All the U.S. asks is for the Arab world to create secular parties with three characteristics:

1) Complete & Total ideological support for American Domination of the Region;

2) Complete & Total ideological support for Libertarian-Corporatist Domestic Policies;

3) Broad support from any social institutions available.

Is this really too much to ask?

Political parties in the region have generally been weak since the 1950s. Monarchies cannot tolerate parties because it often forces the monarch to become overtly involved in politics as opposed to "hovering above." Thus parties are illegal in Kuwait and quite co-opted in Jordan. In the republican presidential regimes (Egypt, Syria, etc) revolutionary parties crushed or ran underground rival parties. Moreover, in all cases where we have "elected parliaments" in the region, legislation can only be introduced by the Prime Minister and all cabinet posts are appointed by the central authority. Strong party formation with legislative powers directly threatens incumbent (pro-american) regimes.

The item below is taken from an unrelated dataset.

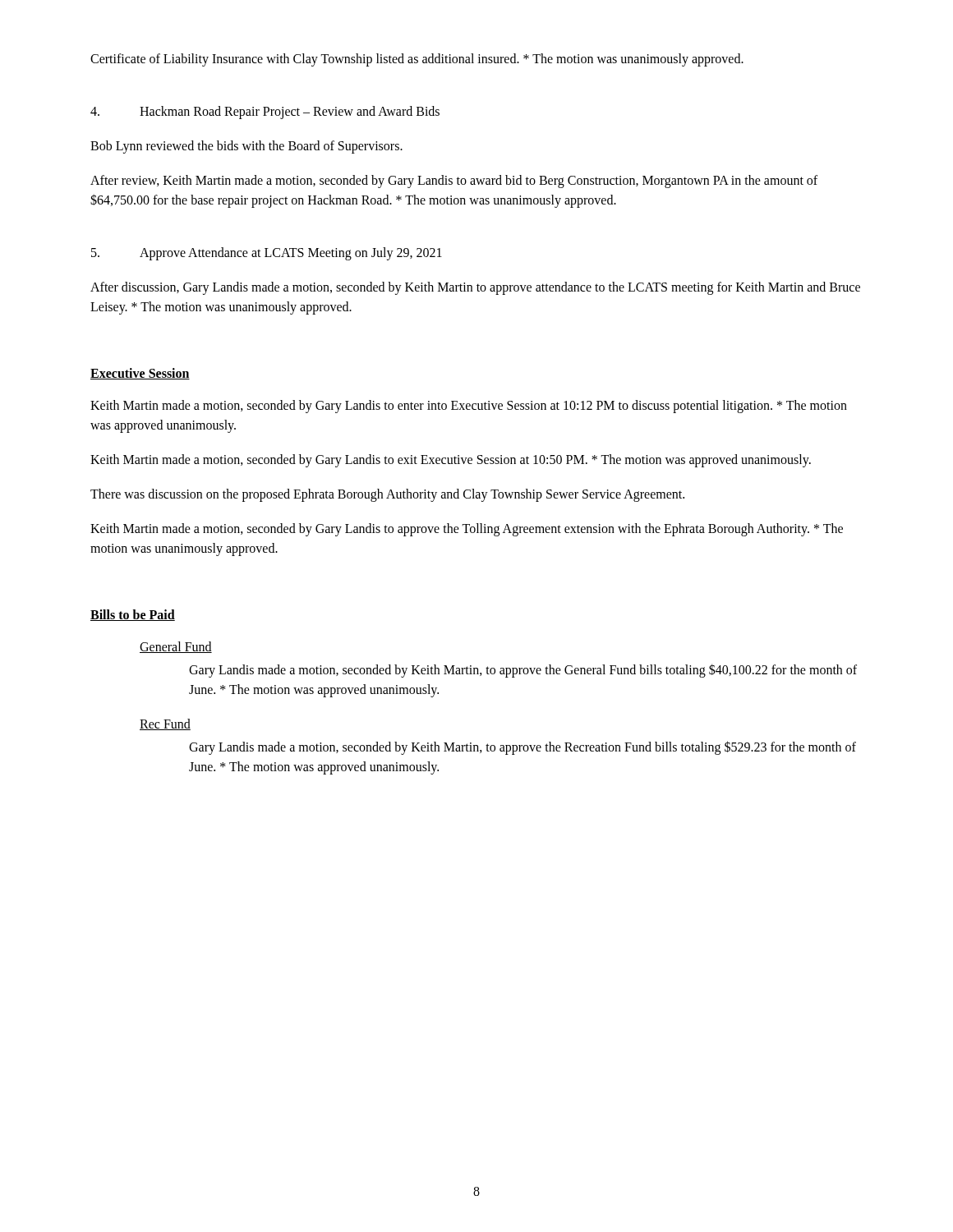Navigate to the text block starting "Bob Lynn reviewed the bids with the Board"
The width and height of the screenshot is (953, 1232).
[x=247, y=146]
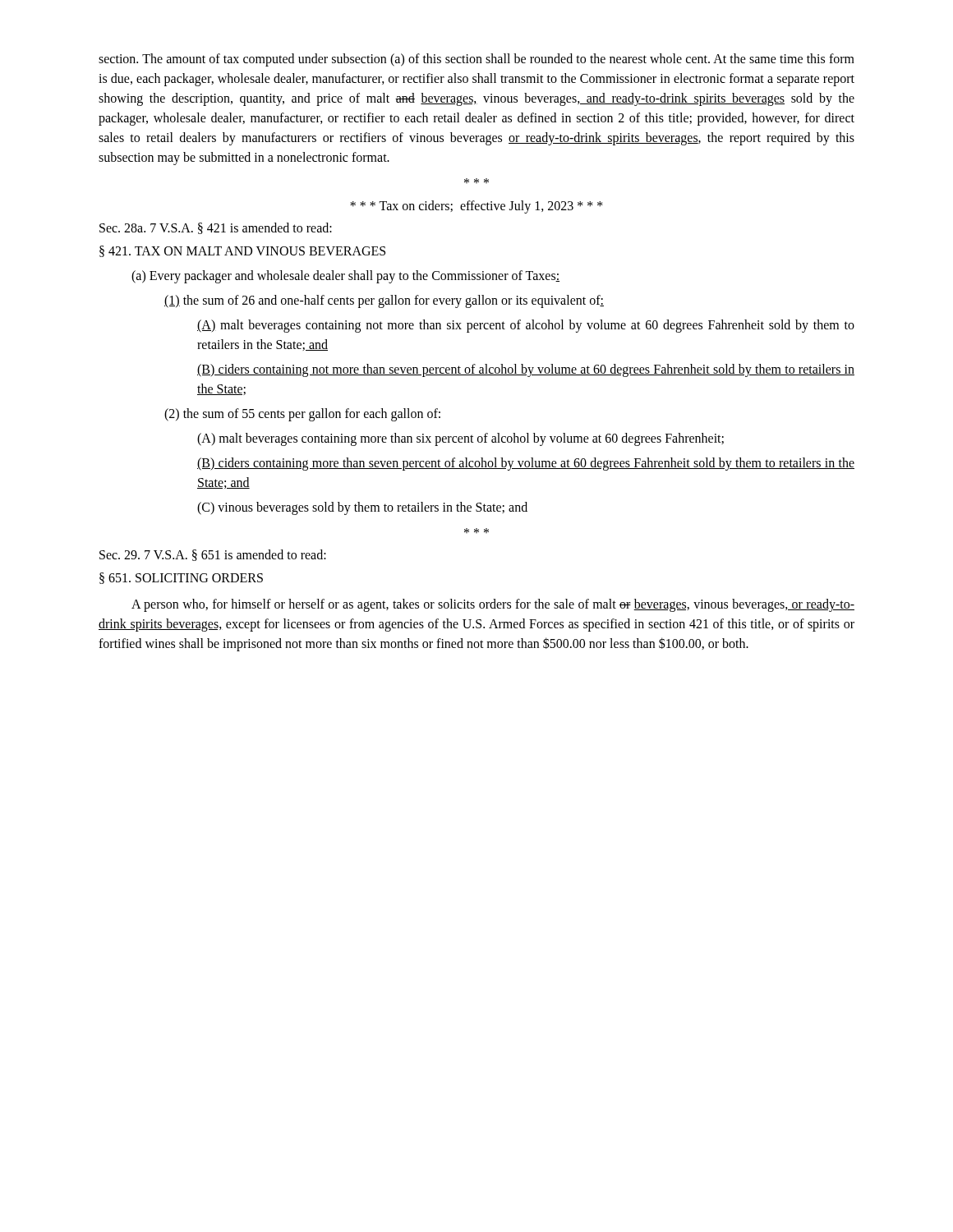Locate the block of text that opens with "(B) ciders containing not more than seven"

pos(526,379)

This does not mean there is no social base for parties. Indeed, what has operated as quasi parties in most cases are what are called al-niqabat, or professional associations. These institutional representatives of engineers, doctors, and so on have long storied histories, mobilize large sections of the population, and in most cases have freely elected their own representatives. In the last several years, Washington has uttered no protest to the crackdown on associational rights in Jordan and Egypt. It's easy to see why.

Arab nationalism under Nasser was PAN-Arab nationalism, not nationalism in the sense of say "Egypt first, other countries second" that we commonly associate with nationalism.

Nationalism is a somewhat new thing in many parts of the Arab world and could lead those countries to a much better place then they are in now. I wouldn't underrate it so quickly.

After all, nationalism at the expense of sectarianism would be an obviously good thing in most of those countries (iraq, lebanon, jordan, "palestine," egypt, saudi arabia, the uae for example, all of whom have serious internal division on religious/tribal/ideological lines)

Ask and I recieve. Tho I will presume my irrelevancy. I haven't much to say on this, the books on development are laying around waiting to be read, and the ME-watching blogs are studied. Democracyarsenal being a good one too rarely mentioned.

Umm, just a thought, the relative demilitarization of some of the players following the 1973 War may have made them more secure and stable rather than less. These are some sophisticated oligarchs.

Not that sophisticated actually. Two points: Post 1973 led to massive external aid which actually strengthened these regimes...aid like oil has domestic political effects. Second, 1973 (and later Iran-Iraq) demonstrated to these regimes that actually being conquered in war would not be allowed. Thus much of the military spending that occurred after 1973 was directed toward internal regime security, not protecting the borders from invasion.


Comments closed June 12, 2007.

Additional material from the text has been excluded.